5. An endoscope system according to any one of claims 1 to 4, The processor receives an image signal from the endoscope and outputs an observation image. Within the same screen of the aforementioned monitor, an information display area is provided, separate from the endoscopic image area that displays the observation image. The endoscope system displays information regarding the observation light mode in the information display area.
6. An endoscope system according to any one of claims 1 to 5, The second observation described above is performed using an endoscopic system that increases or decreases the ratio of the narrowband light component to the total illumination light component.
7. An endoscope system according to any one of claims 1 to 6, The wavelength conversion member is an endoscope system in which the excitation emission amount from the second light source is at least 1 / 3 or less compared to the excitation emission amount from the first light source.

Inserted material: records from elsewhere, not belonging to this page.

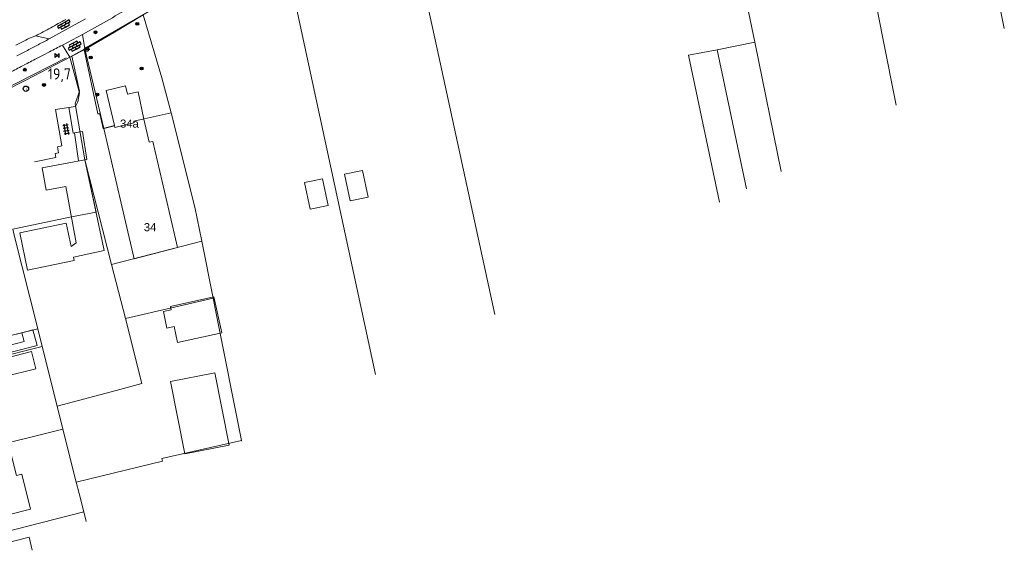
# Model space of a CAD drawing. Header units: metres. Extents: x 117922 to 130630, y 447724 to 454087.
# Tile 46 of 61: x 125539 to 125758, y 451213 to 451335. Entities that reach past the tile are written whole.
import ezdxf

# ---------------------------------------------------------------- set-up
doc = ezdxf.new("R2010")
doc.units = ezdxf.units.M
doc.layers.get('0').update_dxf_attribs({"color": 8})
for name, color, linetype, lineweight in [('B01', 8, 'Continuous', 0), ('B02', 8, 'Continuous', 0), ('B14', 8, 'Continuous', 0), ('G01', 8, 'Continuous', 0), ('G02', 8, 'Continuous', 0), ('T00', 8, 'Continuous', 0), ('V00', 8, 'Continuous', 0), ('Z02', 7, 'Continuous', 0)]:
    doc.layers.add(name, color=color, linetype=linetype, lineweight=lineweight)
for name, color, linetype in [('SYM-OV4', 8, 'Continuous'), ('SYM-OV5', 8, 'Continuous'), ('TOPOT26', 8, 'Continuous'), ('TOPOT28', 8, 'Continuous'), ('TOPOT30', 1, 'Continuous'), ('TOPOT36', 8, 'Continuous')]:
    doc.layers.add(name, color=color, linetype=linetype)
doc.styles.add('ISO', font='ISO')
doc.styles.add('Z02', font='arial.ttf', dxfattribs={"height": 1.8})

# ---------------------------------------------------------------- blocks, each defined once
blk = doc.blocks.new('tegels4')
at = {"color": 0, "linetype": 'ByBlock', "lineweight": -2}
for p, q in [((0.62, 0.94), (-0.62, 0.94)), ((0.62, 0.31), (-0.62, 0.31)), ((-0.31, -1.23), (-0.31, 1.25)), ((0.31, -1.23), (0.31, 1.25)), ((0.62, -0.31), (-0.62, -0.31)), ((0.62, -0.94), (-0.62, -0.94))]:
    blk.add_line(p, q, dxfattribs=at)
blk = doc.blocks.new('boom')
at = {"color": 0}
for radius in [0.315, 0.225, 0.135]:
    blk.add_circle((0, 0), radius, dxfattribs=at)
blk = doc.blocks.new('klinkers4')
at = {"color": 0, "linetype": 'ByBlock', "lineweight": -2}
for p, q in [((0, 1.5), (-0.5, 1.5)), ((-0.5, 1.5), (-0.5, 0.5)), ((-0.5, 0.5), (-0.5, -0.5)), ((0, 0.5), (-0.5, 0.5)), ((0, 1.5), (0, 1)), ((0.5, 1), (0, 1)), ((0, 1), (0, 0.5)), ((0, 0.5), (0, 0)), ((0.5, 0), (0, 0)), ((0, 0), (0, -0.5)), ((0.5, 0), (0.5, 1)), ((0.5, -1), (0.5, 0)), ((-0.5, -0.5), (-0.5, -1.5)), ((0, -0.5), (-0.5, -0.5)), ((-0.5, -1.5), (0, -1.5)), ((0, -0.5), (0, -1)), ((0, -1), (0.5, -1)), ((0, -1), (0, -1.5))]:
    blk.add_line(p, q, dxfattribs=at)
blk = doc.blocks.new('klinkers6')
at = {"color": 0, "linetype": 'ByBlock', "lineweight": -2}
for p, q in [((-0.25, 1), (-0.75, 1)), ((-0.75, 1), (-0.75, 0)), ((-0.25, 0), (-0.75, 0)), ((-0.75, 0), (-0.75, -1)), ((0.25, 1.5), (-0.25, 1.5)), ((-0.25, 1.5), (-0.25, 0.5)), ((0.25, 0.5), (-0.25, 0.5)), ((-0.25, 0.5), (-0.25, -0.5)), ((0.25, 0.5), (0.25, 1.5)), ((0.75, 1), (0.25, 1)), ((0.25, -0.5), (0.25, 0.5)), ((0.75, 0), (0.75, 1)), ((-0.75, -1), (-0.25, -1)), ((-0.25, -0.5), (-0.25, 0)), ((0.25, -0.5), (-0.25, -0.5)), ((-0.25, -0.5), (-0.25, -1.5)), ((-0.25, -1.5), (0.25, -1.5)), ((0.75, 0), (0.25, 0)), ((0.25, 0), (0.25, -0.5)), ((0.25, -1.5), (0.25, -0.5)), ((0.25, -1), (0.75, -1)), ((0.75, -1), (0.75, 0))]:
    blk.add_line(p, q, dxfattribs=at)
blk = doc.blocks.new('grensmarkering')
at = {"color": 0}
blk.add_line((-0.67, 0), (0.67, 0), dxfattribs=at)
blk.add_circle((0, 0), 0.45, dxfattribs=at)
blk = doc.blocks.new('inspectieput')
at = {"color": 0}
blk.add_circle((0, 0), 0.6, dxfattribs=at)
at = {"color": 0, "linetype": 'Continuous', "style": 'ISO'}
blk.add_attdef('I', (0, -0.39), '', height=0.8, dxfattribs=at)
blk = doc.blocks.new('kilometerpaal')
at = {"color": 0}
for p, q in [((-0.44, 0.44), (0.44, -0.44)), ((-0.44, -0.44), (-0.44, 0.44)), ((0.44, 0.44), (-0.44, -0.44)), ((0.44, -0.44), (0.44, 0.44))]:
    blk.add_line(p, q, dxfattribs=at)
at = {"color": 0, "style": 'ISO'}
blk.add_attdef('KILOMETERPAAL', (0.59, 0.87), '', height=2.5, dxfattribs=at)

msp = doc.modelspace()

# ---------------------------------------------------------------- linework, layer by layer
at = {"layer": 'B01', "flags": 128}
for points in [[(125559.84, 451310.91), (125558.01, 451318.73), (125562.33, 451319.74), (125562.76, 451317.88), (125565.11, 451318.43), (125566.42, 451312.35)], [(125566.42, 451312.35), (125567.63, 451307.16), (125568.41, 451307.34), (125572.07, 451291.71)], [(125562.33, 451289.44), (125557.46, 451310.25), (125557.5, 451310.26)], [(125557.5, 451310.26), (125559.86, 451310.82), (125559.84, 451310.91)], [(125553.28, 451303.26), (125543.71, 451301.5)], [(125557.56, 451283), (125553.28, 451303.26)], [(125543.71, 451301.5), (125544.62, 451296.51)], [(125544.62, 451296.51), (125549.01, 451297.32)], [(125549.01, 451297.32), (125551.32, 451284.73)], [(125562.33, 451289.44), (125564.26, 451281.18), (125573.95, 451283.69), (125572.07, 451291.71)], [(125538.74, 451286.94), (125549.11, 451289.13)], [(125549.11, 451289.13), (125550.21, 451283.9)], [(125540.49, 451278.63), (125538.74, 451286.94)], [(125550.21, 451283.9), (125551.32, 451284.73)], [(125557.56, 451283), (125550.71, 451281.55)], [(125550.71, 451281.55), (125550.87, 451280.82)], [(125550.87, 451280.82), (125540.49, 451278.63)], [(125542.34, 451256.64), (125541.39, 451260.47), (125534.14, 451258.63), (125535.1, 451254.81), (125542.34, 451256.64)], [(125541.14, 451225.35), (125539.2, 451233.11), (125537.98, 451232.81), (125536.57, 451238.44), (125530.75, 451236.99), (125532.16, 451231.36), (125528.82, 451230.51), (125530.77, 451222.73), (125541.14, 451225.35)], [(125541.53, 451216.21), (125540.82, 451219.05), (125534.42, 451217.43), (125535.54, 451213.03)]]:
    msp.add_lwpolyline(points, dxfattribs=at)
at = {"layer": 'B02', "flags": 128}
for points in [[(125615.18, 451300.87), (125611.16, 451300.04), (125612.41, 451294.12), (125616.41, 451294.96), (125615.18, 451300.87)], [(125607.51, 451293.08), (125606.27, 451299.04), (125602.26, 451298.21), (125603.5, 451292.25), (125607.51, 451293.08)]]:
    msp.add_lwpolyline(points, dxfattribs=at)
at = {"layer": 'B14', "flags": 128}
for points in [[(125573.95, 451262.53), (125583.78, 451264.66), (125582.04, 451272.67), (125572.33, 451270.56), (125572.5, 451269.77), (125570.77, 451269.39), (125571.57, 451265.69), (125573.19, 451266.04), (125573.95, 451262.53)], [(125575.57, 451237.68), (125572.36, 451253.8), (125582.22, 451255.76), (125585.43, 451239.64), (125575.57, 451237.68)]]:
    msp.add_lwpolyline(points, dxfattribs=at)
at = {"layer": 'G01', "flags": 128}
for points in [[(125729.57, 451473.67), (125741.86, 451412.69), (125753.89, 451354.58), (125758.31, 451332.52)], [(125712.43, 451425.81), (125716.07, 451408), (125722.4, 451375.6), (125731.23, 451330.37), (125734.22, 451315.41)], [(125691.61, 451382.74), (125695.59, 451363.42), (125702.67, 451329.52)], [(125644.71, 451268.72), (125631.83, 451328.03), (125621.34, 451376)], [(125596.35, 451356.11), (125618.08, 451255.4)], [(125566.27, 451335.59), (125559.85, 451331.72), (125553.07, 451327.79)], [(125572.49, 451313.77), (125570.43, 451321.53), (125566.27, 451335.59)], [(125702.67, 451329.52), (125694.26, 451327.82)], [(125702.67, 451329.52), (125708.53, 451300.64)], [(125553.07, 451327.79), (125550.36, 451326.38)], [(125553.07, 451327.79), (125556.18, 451313.54), (125556.56, 451313.52), (125557.31, 451310.26), (125559.87, 451310.92), (125559.91, 451310.5), (125564.19, 451311.49), (125564.17, 451311.87), (125566.45, 451312.36), (125572.49, 451313.77)], [(125694.83, 451293.79), (125687.9, 451326.61), (125694.26, 451327.82)], [(125694.26, 451327.82), (125700.83, 451296.79)], [(125550.36, 451326.38), (125540.1, 451320.99), (125530.09, 451315.95)], [(125550.36, 451326.38), (125552.04, 451318.6), (125551.12, 451315.77), (125553.28, 451303.26)], [(125579.31, 451285.08), (125577.78, 451292.71), (125572.49, 451313.77)], [(125553.28, 451303.26), (125555.75, 451291.57), (125550.25, 451290.54), (125537.16, 451287.79)], [(125559.22, 451279.87), (125553.28, 451303.26)], [(125559.22, 451279.87), (125579.31, 451285.08)], [(125581.87, 451272.36), (125579.31, 451285.08)], [(125562.28, 451267.85), (125559.22, 451279.87)], [(125581.87, 451272.36), (125573.26, 451270.42), (125562.28, 451267.85)], [(125588.22, 451240.64), (125582.55, 451269), (125581.87, 451272.36)], [(125565.96, 451253.36), (125562.28, 451267.85)], [(125542.74, 451265.57), (125532.51, 451263.01)], [(125518.6, 451255.37), (125522.39, 451256.27), (125543.74, 451261.61)], [(125565.96, 451253.36), (125560.25, 451251.83), (125547.08, 451248.3)], [(125523.25, 451236.92), (125530.32, 451238.7), (125548.36, 451243.18)], [(125551.34, 451231.33), (125570.59, 451236.05), (125570.44, 451236.65), (125588.22, 451240.64)], [(125588.22, 451240.64), (125588.26, 451240.47)], [(125527.96, 451218.19), (125533.81, 451219.82), (125540.21, 451221.46), (125552.99, 451224.75)]]:
    msp.add_lwpolyline(points, dxfattribs=at)
at = {"layer": 'G02', "flags": 128}
for points in [[(125537.16, 451287.79), (125537.5, 451286.45), (125542.74, 451265.57)], [(125542.74, 451265.57), (125543.74, 451261.61)], [(125543.74, 451261.61), (125547.08, 451248.3)], [(125547.08, 451248.3), (125548.36, 451243.18)], [(125548.36, 451243.18), (125551.34, 451231.33)], [(125551.34, 451231.33), (125551.98, 451228.79)], [(125551.98, 451228.79), (125552.99, 451224.75)], [(125552.99, 451224.75), (125553.52, 451222.6)]]:
    msp.add_lwpolyline(points, dxfattribs=at)
at = {"layer": 'T00', "flags": 128}
for points in [[(125553.63, 451328.33), (125567.38, 451336.27), (125585.87, 451348.54), (125601.56, 451360.09), (125620.7, 451375.63)], [(125526.88, 451314.72), (125549.08, 451325.98)], [(125540.33, 451264.96), (125530.4, 451262.48), (125517.21, 451259.17), (125517.14, 451259.48), (125515.99, 451262.34), (125502.7, 451258.76), (125488.92, 451255.02), (125461.05, 451241.59), (125437.09, 451230.03), (125432.04, 451235.87)]]:
    msp.add_lwpolyline(points, dxfattribs=at)
at = {"layer": 'V00', "flags": 128}
for points in [[(125553.36, 451334.73), (125545.28, 451330.23)], [(125542.28, 451330.92), (125541.36, 451330.57)], [(125545.28, 451330.23), (125542.28, 451330.92)], [(125548.26, 451328.86), (125552.71, 451331.22)], [(125552.71, 451331.22), (125553.22, 451328.02)], [(125542.5, 451325.85), (125543.94, 451326.61), (125545.38, 451327.36)], [(125549.91, 451326.13), (125548.26, 451328.86)], [(125553.22, 451328.02), (125549.91, 451326.13)], [(125553.22, 451328.02), (125557.5, 451310.26)], [(125549.91, 451326.13), (125552.05, 451318.17)], [(125551.72, 451316.17), (125551.13, 451315.18)], [(125552.05, 451318.17), (125551.72, 451316.17)], [(125549.67, 451314.95), (125546.73, 451314.51)], [(125546.73, 451314.51), (125548.13, 451306.41)], [(125551.13, 451315.18), (125549.67, 451314.95)], [(125549.67, 451314.95), (125550.65, 451309.21)], [(125550.93, 451309.28), (125552.74, 451309.58)], [(125552.74, 451309.58), (125553.72, 451303.33)], [(125550.65, 451309.21), (125550.93, 451309.28)], [(125550.93, 451309.28), (125551.87, 451303.01)], [(125548.13, 451306.41), (125547.15, 451306.16)], [(125547.15, 451306.16), (125547.34, 451304.8)], [(125546.78, 451303.74), (125542.01, 451302.82)], [(125547.34, 451304.8), (125546.66, 451304.66)], [(125546.66, 451304.66), (125546.78, 451303.74)], [(125553.72, 451303.33), (125553.28, 451303.26)], [(125541.66, 451265.32), (125542.58, 451261.84), (125518.56, 451255.65), (125520.86, 451246.41)], [(125526.75, 451261.56), (125527.27, 451259.56), (125539.69, 451262.73), (125539.17, 451264.69)], [(125540.33, 451264.96), (125541.66, 451265.32)]]:
    msp.add_lwpolyline(points, dxfattribs=at)
at = {"layer": 'V00'}
for centre, radius, start, end in [((125396.16, 451618.65), 327.3, 299.6463, 300.7184), ((125247.29, 451884.34), 627.14, 298.40832, 298.75758), ((125401, 451610.06), 317.44, 298.5493, 299.6545), ((125286.94, 451811.83), 544.5, 297.9667, 298.3688), ((125657.02, 451094.63), 262.77, 116.5385, 116.9615), ((125696.63, 451014.96), 351.74, 116.1958, 116.5121), ((125379.42, 451637.68), 349.34, 297.8963, 298.3448), ((125411.34, 451575.53), 279.47, 296.9727, 297.5146), ((125402.65, 451593.19), 299.15, 297.4285, 297.9519), ((124167.86, 453965.09), 2975.77, 297.57527, 297.6378), ((124676.23, 452985.02), 1871.7, 297.47384, 297.56976), ((124675.57, 452981.78), 1869.13, 297.44135, 297.53737)]:
    msp.add_arc(centre, radius, start, end, dxfattribs=at)

# ---------------------------------------------------------------- block references
at = {"layer": 'SYM-OV4'}
for name, p, rotation in [('klinkers4', (125548.7, 451333.31), 299.158056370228), ('klinkers6', (125550.97, 451328.62), 298.3498454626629)]:
    msp.add_blockref(name, p, dxfattribs=dict(at, rotation=rotation))
at = {"layer": 'SYM-OV5', "rotation": 189.2362214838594}
msp.add_blockref('tegels4', (125549.07, 451310.08), dxfattribs=at)
at = {"layer": 'TOPOT26'}
for p in [(125564.95, 451333.57), (125555.64, 451331.7), (125554.56, 451326.07), (125539.86, 451323.36), (125565.92, 451323.64), (125544.14, 451319.95), (125556.02, 451317.8)]:
    msp.add_blockref('boom', p, dxfattribs=at)
at = {"layer": 'TOPOT28'}
ref = msp.add_blockref('inspectieput', (125540.11, 451319.11), dxfattribs=at)
ref.add_attrib('I', 'i', (125540.11, 451318.72), dxfattribs={"color": 0, "height": 0.8, "style": 'ISO'})
at = {"layer": 'TOPOT30'}
ref = msp.add_blockref('kilometerpaal', (125547.09, 451326.55), dxfattribs=at)
ref.add_attrib('KILOMETERPAAL', '19,7', (125545.01, 451321.16), dxfattribs={"color": 0, "height": 2.5, "style": 'ISO'})
at = {"layer": 'TOPOT36'}
msp.add_blockref('grensmarkering', (125553.66, 451327.92), dxfattribs=at)

# ---------------------------------------------------------------- texts
at = {"layer": 'Z02', "linetype": 'Continuous', "char_height": 1.8, "attachment_point": 7, "line_spacing_factor": 0.8, "style": 'Z02'}
for s, insert in [('{\\C256;34a}', (125561.1, 451310.41)), ('{\\C256;34}', (125566.4, 451287.31))]:
    msp.add_mtext(s, dxfattribs=dict(at, insert=insert))

doc.saveas('drawing.dxf')

8. An endoscope system according to any one of claims 1 to 7, The light source device is an endoscope system that obtains a desired amount of light emission by controlling the current applied to the first light source and the second light source.
9. The endoscopic system according to claim 8, The light source device is an endoscope system that controls the amount of light emitted by superimposing a pulse-modulated pulsed current onto the applied current.
10. An endoscope system according to any one of claims 1 to 9, The optical element is an endoscope system that transmits the blue light emitted from the first light source.
11. An endoscope system according to any one of claims 1 to 10, The endoscopic system includes a processor that receives an image signal from the endoscope, outputs an observation image, and performs image processing to enhance and display vascular information within the observation image.
12. An endoscope system according to any one of claims 1 to 11, An endoscope system comprising a processor that receives an image signal from the endoscope, outputs an observation image, applies a color conversion coefficient according to the observation light mode, and corrects the color tone of the observation image.
13. An endoscope system according to any one of claims 1 to 12, The aforementioned switching unit is an endoscope system in which a switch or button can switch between multiple preset emission light intensity levels.
14. An endoscope system according to any one of claims 1 to 13, An endoscope system in which the switching unit automatically sets a preset amount of emitted light based on the operator's identification information or the individual identification information of the endoscope.
15. An endoscope system according to any one of claims 1 to 14, The light source device has a third light source that emits red light, The processor is an endoscope system capable of individually adjusting the amount of light emitted from each of the aforementioned light sources.
16. An endoscope system according to any one of claims 1 to 15, An endoscope system in which either the first light source or the second light source is set to the short wavelength side, straddling the maximum peak wavelength of the hemoglobin absorption spectrum, and the other is set to the long wavelength side.
17. An endoscope system according to any one of claims 1 to 16, An endoscope system in which at least one of the first light source and the second light source is a light-emitting diode.
18. An endoscope system according to any one of claims 1 to 17, The wavelength conversion member is an endoscope system containing a phosphor material.
19. An endoscope system according to any one of claims 1 to 18, An endoscope system in which the processor records an observation image with added information regarding the observation light mode.
20. An endoscope system according to any one of claims 1 to 19, An endoscope system in which the processor receives an image signal from the endoscope, outputs an observation image, and performs image processing to correct the color tone or brightness of the observation image according to the observation light mode.